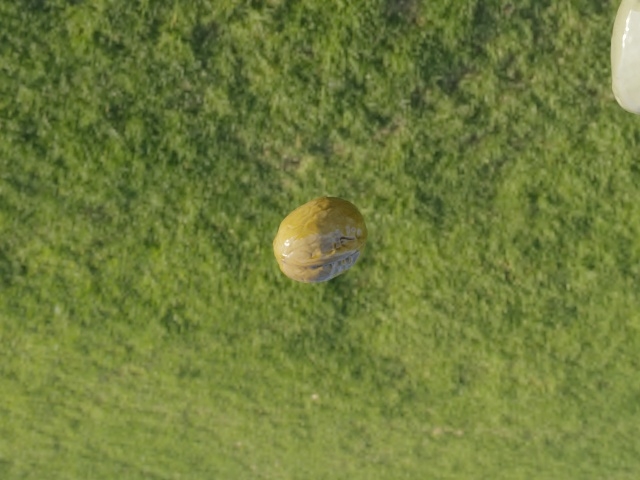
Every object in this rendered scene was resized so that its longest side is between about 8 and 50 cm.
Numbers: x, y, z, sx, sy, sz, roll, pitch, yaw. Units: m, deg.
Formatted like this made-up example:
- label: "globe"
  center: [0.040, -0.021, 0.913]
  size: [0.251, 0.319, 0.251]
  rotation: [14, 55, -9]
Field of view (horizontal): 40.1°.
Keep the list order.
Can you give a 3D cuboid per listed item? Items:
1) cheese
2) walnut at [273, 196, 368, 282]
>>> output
- label: "cheese"
  center: [0.472, -0.301, 1.183]
  size: [0.251, 0.173, 0.248]
  rotation: [42, 115, -5]
- label: "walnut"
  center: [0.000, 0.000, 1.707]
  size: [0.206, 0.159, 0.159]
  rotation: [-25, 175, -37]
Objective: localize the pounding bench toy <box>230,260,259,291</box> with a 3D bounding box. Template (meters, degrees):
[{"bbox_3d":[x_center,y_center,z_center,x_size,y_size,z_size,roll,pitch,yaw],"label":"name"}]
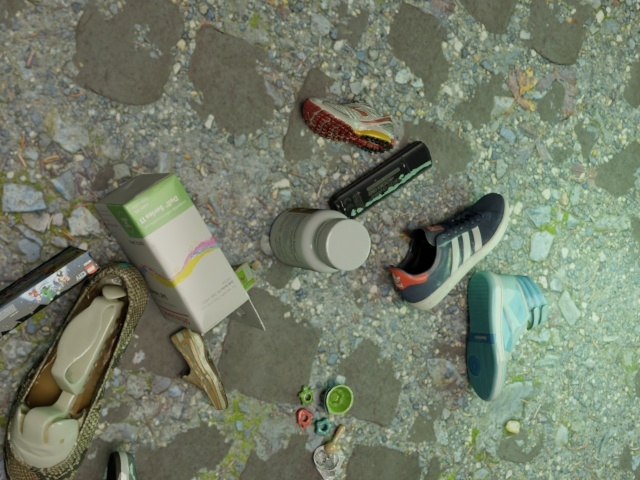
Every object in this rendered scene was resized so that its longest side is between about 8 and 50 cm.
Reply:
[{"bbox_3d":[-0.172,0.075,1.757,0.083,0.065,0.052,-45,116,-52],"label":"pounding bench toy"}]

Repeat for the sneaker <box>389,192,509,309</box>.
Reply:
[{"bbox_3d":[0.297,-0.007,1.957,0.350,0.131,0.148,-48,118,-16],"label":"sneaker"}]

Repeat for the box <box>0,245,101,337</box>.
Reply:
[{"bbox_3d":[-0.518,0.094,1.514,0.233,0.159,0.044,-37,108,-21],"label":"box"}]

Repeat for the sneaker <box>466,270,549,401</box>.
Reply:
[{"bbox_3d":[0.473,0.231,2.076,0.208,0.127,0.318,-2,96,-27],"label":"sneaker"}]

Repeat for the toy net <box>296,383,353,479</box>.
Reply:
[{"bbox_3d":[0.011,0.435,1.890,0.122,0.045,0.232,-4,96,-28],"label":"toy net"}]

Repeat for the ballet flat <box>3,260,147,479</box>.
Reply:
[{"bbox_3d":[-0.463,0.256,1.542,0.164,0.182,0.482,24,83,-1],"label":"ballet flat"}]

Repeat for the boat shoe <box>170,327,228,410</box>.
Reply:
[{"bbox_3d":[-0.251,0.268,1.733,0.072,0.068,0.190,-24,96,-12],"label":"boat shoe"}]

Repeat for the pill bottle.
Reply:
[{"bbox_3d":[0.000,0.000,1.743,0.131,0.229,0.131,-3,96,-29],"label":"pill bottle"}]

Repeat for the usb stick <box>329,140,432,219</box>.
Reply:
[{"bbox_3d":[0.141,-0.133,1.913,0.278,0.045,0.077,-34,116,-22],"label":"usb stick"}]

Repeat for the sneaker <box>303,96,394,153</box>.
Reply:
[{"bbox_3d":[0.061,-0.265,1.849,0.225,0.088,0.092,18,65,-28],"label":"sneaker"}]

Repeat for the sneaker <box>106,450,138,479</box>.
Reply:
[{"bbox_3d":[-0.319,0.542,1.677,0.179,0.124,0.295,-9,104,-23],"label":"sneaker"}]

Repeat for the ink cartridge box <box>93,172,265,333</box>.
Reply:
[{"bbox_3d":[-0.268,0.051,1.616,0.119,0.207,0.353,-37,109,-23],"label":"ink cartridge box"}]
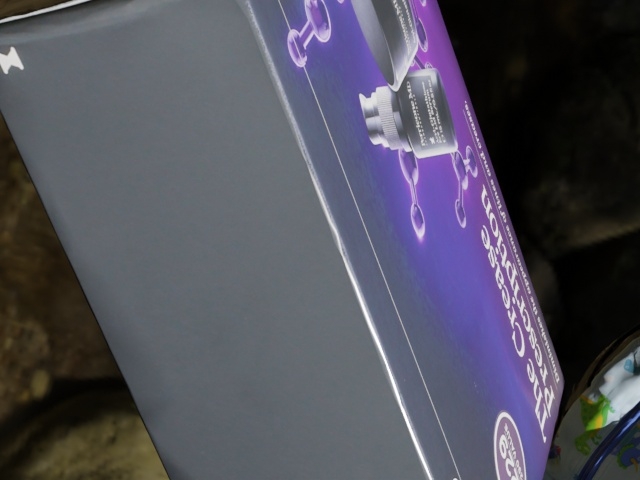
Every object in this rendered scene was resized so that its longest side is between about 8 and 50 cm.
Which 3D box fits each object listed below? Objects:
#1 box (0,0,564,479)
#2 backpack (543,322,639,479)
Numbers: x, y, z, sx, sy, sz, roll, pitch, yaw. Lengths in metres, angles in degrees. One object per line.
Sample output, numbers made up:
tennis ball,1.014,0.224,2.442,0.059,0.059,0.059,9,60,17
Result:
box,0.000,0.000,0.554,0.261,0.103,0.184,68,27,-21
backpack,0.372,0.173,1.431,0.355,0.273,0.290,-11,143,-28
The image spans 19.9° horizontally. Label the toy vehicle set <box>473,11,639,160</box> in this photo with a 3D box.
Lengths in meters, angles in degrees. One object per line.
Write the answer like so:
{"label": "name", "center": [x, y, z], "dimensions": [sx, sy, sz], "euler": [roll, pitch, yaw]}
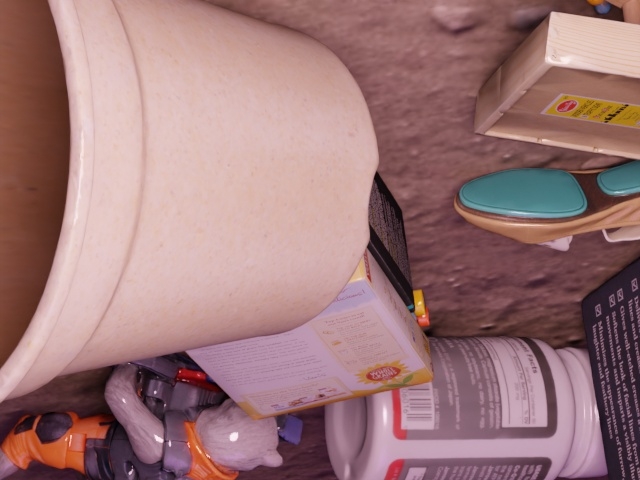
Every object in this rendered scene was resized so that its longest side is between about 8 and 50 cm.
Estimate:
{"label": "toy vehicle set", "center": [0.217, -0.105, 1.325], "dimensions": [0.166, 0.035, 0.267], "euler": [9, 172, -5]}

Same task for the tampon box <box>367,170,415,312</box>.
{"label": "tampon box", "center": [0.000, 0.000, 1.536], "dimensions": [0.120, 0.101, 0.161], "euler": [-13, 153, 12]}

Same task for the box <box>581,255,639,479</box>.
{"label": "box", "center": [0.430, 0.128, 1.659], "dimensions": [0.212, 0.294, 0.395], "euler": [0, 161, -18]}

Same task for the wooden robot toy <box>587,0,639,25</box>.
{"label": "wooden robot toy", "center": [0.220, -0.182, 1.281], "dimensions": [0.079, 0.076, 0.173], "euler": [25, 139, -32]}

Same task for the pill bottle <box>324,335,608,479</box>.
{"label": "pill bottle", "center": [0.160, 0.179, 1.879], "dimensions": [0.283, 0.161, 0.161], "euler": [2, 152, -20]}

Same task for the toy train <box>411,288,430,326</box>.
{"label": "toy train", "center": [0.023, 0.056, 1.726], "dimensions": [0.166, 0.046, 0.125], "euler": [17, 145, -36]}

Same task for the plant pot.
{"label": "plant pot", "center": [-0.138, -0.046, 1.207], "dimensions": [0.305, 0.334, 0.334], "euler": [3, 154, -44]}

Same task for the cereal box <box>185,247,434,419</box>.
{"label": "cereal box", "center": [-0.016, 0.076, 1.514], "dimensions": [0.173, 0.047, 0.240], "euler": [-12, 153, 12]}

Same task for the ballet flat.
{"label": "ballet flat", "center": [0.231, -0.024, 1.572], "dimensions": [0.232, 0.080, 0.073], "euler": [-8, 128, -2]}

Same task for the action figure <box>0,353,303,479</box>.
{"label": "action figure", "center": [-0.161, 0.223, 1.864], "dimensions": [0.330, 0.179, 0.341], "euler": [-16, 152, 36]}
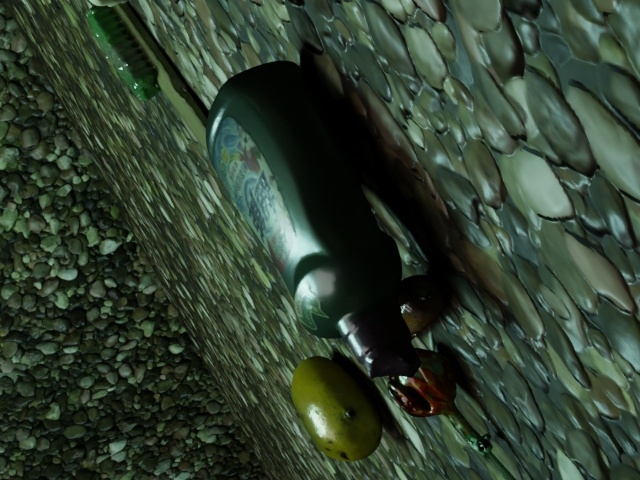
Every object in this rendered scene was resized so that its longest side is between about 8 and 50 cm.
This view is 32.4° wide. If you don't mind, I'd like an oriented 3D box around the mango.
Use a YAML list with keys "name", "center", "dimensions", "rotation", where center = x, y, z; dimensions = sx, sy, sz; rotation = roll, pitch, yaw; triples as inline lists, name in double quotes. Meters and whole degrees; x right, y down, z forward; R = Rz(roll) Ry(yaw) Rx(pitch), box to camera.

========================

> _Try it_: The job is to set down the whole listing exactly, excluding any images.

> _Finished task_:
Every object in this rendered scene was resized so that its longest side is between about 8 and 50 cm.
Numbers: x, y, z, sx, sy, sz, roll, pitch, yaw. Units: m, deg.
Formatted like this made-up example:
- label: "globe"
  center: [0.040, -0.021, 0.913]
  size: [0.251, 0.319, 0.251]
  rotation: [14, 55, -9]
Field of view (horizontal): 40.1°.
Keep the list order.
Can you give a 3D cuboid per listed item? Items:
1) cheese
2) walnut at [273, 196, 368, 282]
>>> output
- label: "cheese"
  center: [0.472, -0.301, 1.183]
  size: [0.251, 0.173, 0.248]
  rotation: [42, 115, -5]
- label: "walnut"
  center: [0.000, 0.000, 1.707]
  size: [0.206, 0.159, 0.159]
  rotation: [-25, 175, -37]
Objective: localize the pounding bench toy <box>230,260,259,291</box> with a 3D bounding box. Template (meters, degrees):
[{"bbox_3d":[x_center,y_center,z_center,x_size,y_size,z_size,roll,pitch,yaw],"label":"name"}]
Every object in this rendered scene was resized so that its longest side is between about 8 and 50 cm.
Reply:
[{"bbox_3d":[-0.172,0.075,1.757,0.083,0.065,0.052,-45,116,-52],"label":"pounding bench toy"}]

Repeat for the sneaker <box>389,192,509,309</box>.
Reply:
[{"bbox_3d":[0.297,-0.007,1.957,0.350,0.131,0.148,-48,118,-16],"label":"sneaker"}]

Repeat for the box <box>0,245,101,337</box>.
Reply:
[{"bbox_3d":[-0.518,0.094,1.514,0.233,0.159,0.044,-37,108,-21],"label":"box"}]

Repeat for the sneaker <box>466,270,549,401</box>.
Reply:
[{"bbox_3d":[0.473,0.231,2.076,0.208,0.127,0.318,-2,96,-27],"label":"sneaker"}]

Repeat for the toy net <box>296,383,353,479</box>.
Reply:
[{"bbox_3d":[0.011,0.435,1.890,0.122,0.045,0.232,-4,96,-28],"label":"toy net"}]

Repeat for the ballet flat <box>3,260,147,479</box>.
Reply:
[{"bbox_3d":[-0.463,0.256,1.542,0.164,0.182,0.482,24,83,-1],"label":"ballet flat"}]

Repeat for the boat shoe <box>170,327,228,410</box>.
Reply:
[{"bbox_3d":[-0.251,0.268,1.733,0.072,0.068,0.190,-24,96,-12],"label":"boat shoe"}]

Repeat for the pill bottle.
Reply:
[{"bbox_3d":[0.000,0.000,1.743,0.131,0.229,0.131,-3,96,-29],"label":"pill bottle"}]

Repeat for the usb stick <box>329,140,432,219</box>.
Reply:
[{"bbox_3d":[0.141,-0.133,1.913,0.278,0.045,0.077,-34,116,-22],"label":"usb stick"}]

Repeat for the sneaker <box>303,96,394,153</box>.
Reply:
[{"bbox_3d":[0.061,-0.265,1.849,0.225,0.088,0.092,18,65,-28],"label":"sneaker"}]

Repeat for the sneaker <box>106,450,138,479</box>.
Reply:
[{"bbox_3d":[-0.319,0.542,1.677,0.179,0.124,0.295,-9,104,-23],"label":"sneaker"}]

Repeat for the ink cartridge box <box>93,172,265,333</box>.
Reply:
[{"bbox_3d":[-0.268,0.051,1.616,0.119,0.207,0.353,-37,109,-23],"label":"ink cartridge box"}]
Every object in this rendered scene was resized so that its longest side is between about 8 and 50 cm.
Which 3D box fits each object listed below? Objects:
#1 box (0,0,564,479)
#2 backpack (543,322,639,479)
Numbers: x, y, z, sx, sy, sz, roll, pitch, yaw. Lengths in metres, angles in degrees. One object per line.
Sample output, numbers made up:
tennis ball,1.014,0.224,2.442,0.059,0.059,0.059,9,60,17
Result:
box,0.000,0.000,0.554,0.261,0.103,0.184,68,27,-21
backpack,0.372,0.173,1.431,0.355,0.273,0.290,-11,143,-28
The image spans 19.9° horizontally. Label the toy vehicle set <box>473,11,639,160</box> in this photo with a 3D box.
Lengths in meters, angles in degrees. One object per line.
Write the answer like so:
{"label": "name", "center": [x, y, z], "dimensions": [sx, sy, sz], "euler": [roll, pitch, yaw]}
Every object in this rendered scene was resized so that its longest side is between about 8 and 50 cm.
Estimate:
{"label": "toy vehicle set", "center": [0.217, -0.105, 1.325], "dimensions": [0.166, 0.035, 0.267], "euler": [9, 172, -5]}

Same task for the tampon box <box>367,170,415,312</box>.
{"label": "tampon box", "center": [0.000, 0.000, 1.536], "dimensions": [0.120, 0.101, 0.161], "euler": [-13, 153, 12]}

Same task for the box <box>581,255,639,479</box>.
{"label": "box", "center": [0.430, 0.128, 1.659], "dimensions": [0.212, 0.294, 0.395], "euler": [0, 161, -18]}

Same task for the wooden robot toy <box>587,0,639,25</box>.
{"label": "wooden robot toy", "center": [0.220, -0.182, 1.281], "dimensions": [0.079, 0.076, 0.173], "euler": [25, 139, -32]}

Same task for the pill bottle <box>324,335,608,479</box>.
{"label": "pill bottle", "center": [0.160, 0.179, 1.879], "dimensions": [0.283, 0.161, 0.161], "euler": [2, 152, -20]}

Same task for the toy train <box>411,288,430,326</box>.
{"label": "toy train", "center": [0.023, 0.056, 1.726], "dimensions": [0.166, 0.046, 0.125], "euler": [17, 145, -36]}

Same task for the plant pot.
{"label": "plant pot", "center": [-0.138, -0.046, 1.207], "dimensions": [0.305, 0.334, 0.334], "euler": [3, 154, -44]}

Same task for the cereal box <box>185,247,434,419</box>.
{"label": "cereal box", "center": [-0.016, 0.076, 1.514], "dimensions": [0.173, 0.047, 0.240], "euler": [-12, 153, 12]}

Same task for the ballet flat.
{"label": "ballet flat", "center": [0.231, -0.024, 1.572], "dimensions": [0.232, 0.080, 0.073], "euler": [-8, 128, -2]}

Same task for the action figure <box>0,353,303,479</box>.
{"label": "action figure", "center": [-0.161, 0.223, 1.864], "dimensions": [0.330, 0.179, 0.341], "euler": [-16, 152, 36]}
Every object in this rendered scene was resized so that its longest side is between about 8 and 50 cm.
This view is 32.4° wide. If you don't mind, I'd like an oriented 3D box around the mango.
Use a YAML list with keys "name", "center", "dimensions", "rotation", where center = x, y, z; dimensions = sx, sy, sz; rotation = roll, pitch, yaw; triples as inline lists, name in double quotes. Meters and whole degrees; x right, y down, z forward; R = Rz(roll) Ry(yaw) Rx(pitch), box to camera.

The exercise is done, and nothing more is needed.